The Powderhorn Wilderness is within the San Juan volcanic field and volcanic rocks dominate the region. The central, highest terrain of the wilderness is composed of basaltic lava flows of the Hinsdale Formation, which are dated at 16 to 19 million years old. These lava flows are thought to be among the last volcanic events in the area and are some of the best preserved. The Hinsdale Formation lava flows form an expansive alpine highland where the two highest ridges are Calf Creek Plateau and Cannibal Plateau.

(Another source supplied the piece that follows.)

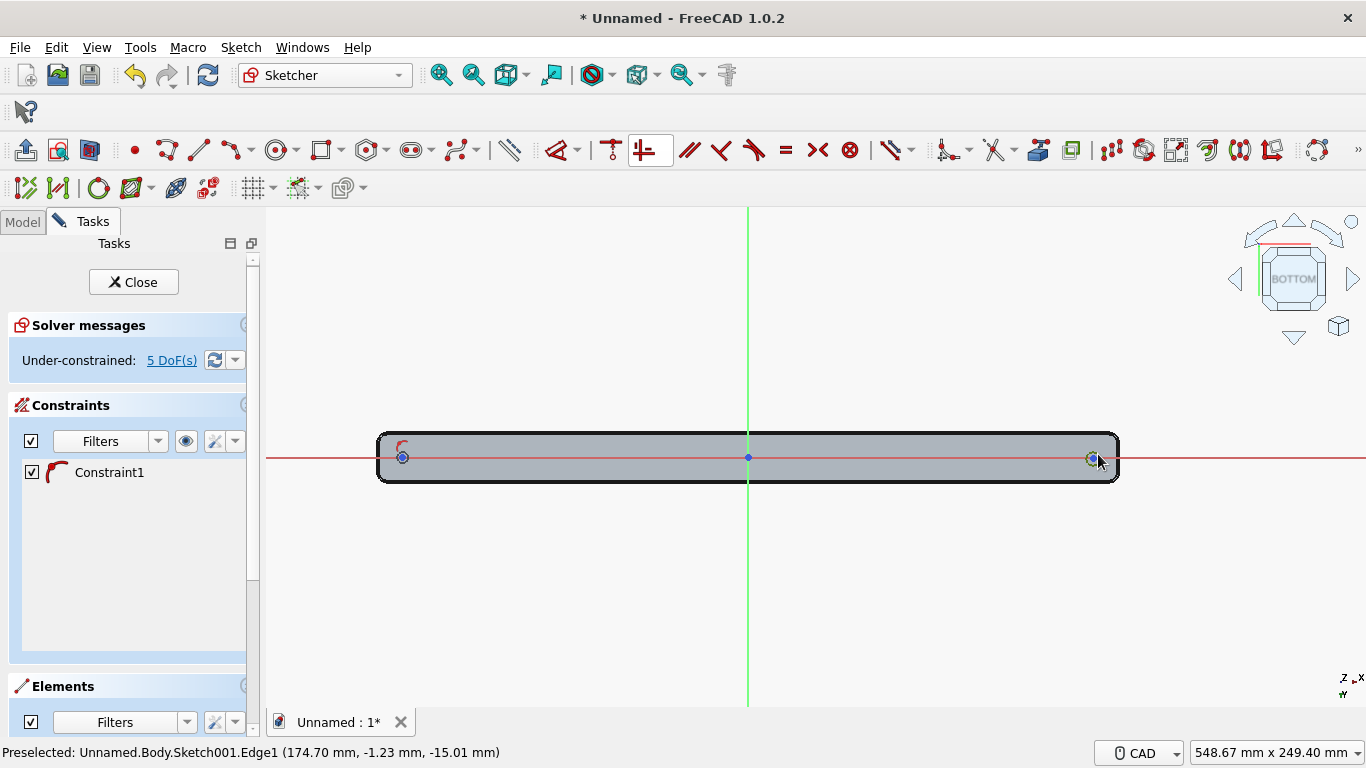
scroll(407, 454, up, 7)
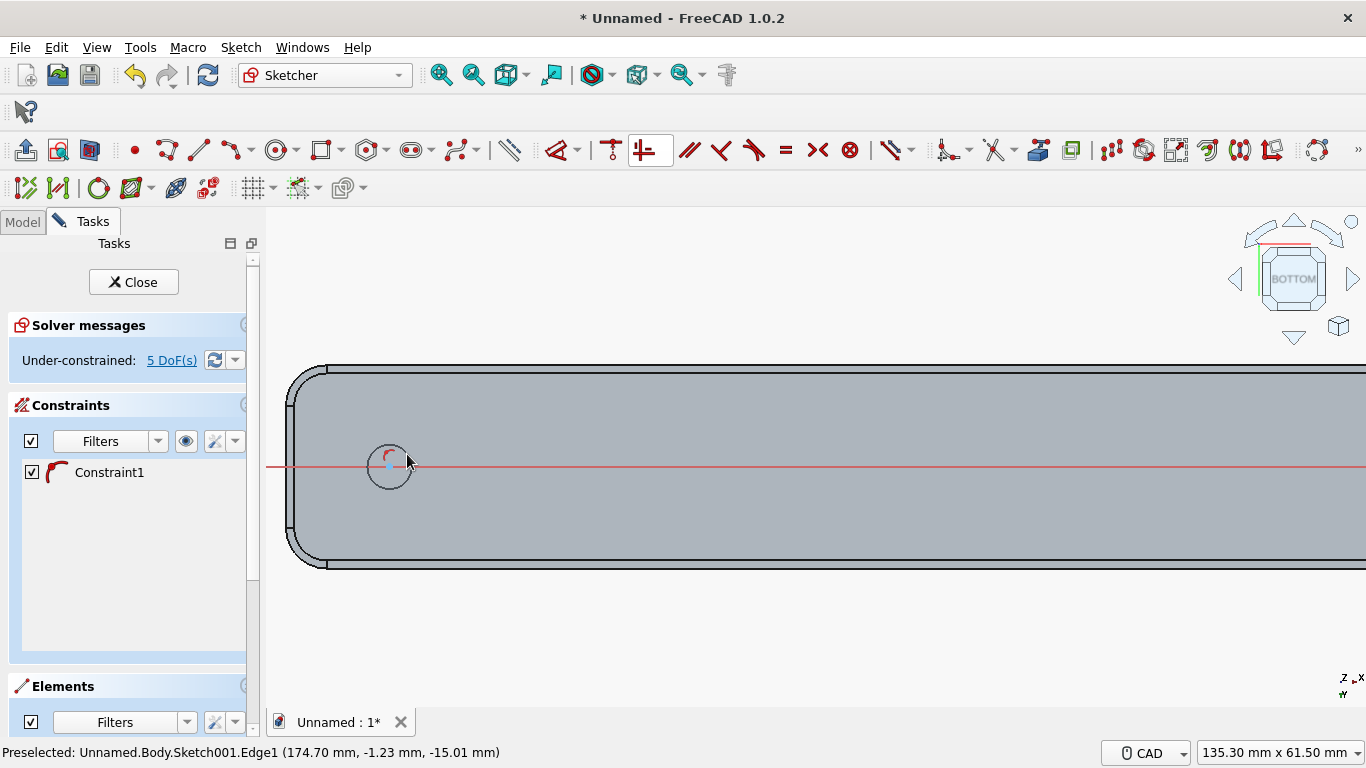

Underlying these basalt flows are sheets of older volcanic rocks that are exposed around the periphery of the wilderness. From youngest to oldest, these rocks include Cochetopa Park Tuff, Nelson Mountain Tuff, Carpenter Ridge Tuff, and Fish Canyon Tuff. The volcanic ash that formed these tuffs came from Oligocene eruptions within the San Juan volcanic field. These eruption sites are the Cochetopa Caldera, San Luis Caldera, Bachelor Caldera, and La Garita Caldera, respectively. On the northern and western reaches of the wilderness there are yet older volcanic rocks exposed. These Oligocene lavas and breccias have been dated at 32 million years old.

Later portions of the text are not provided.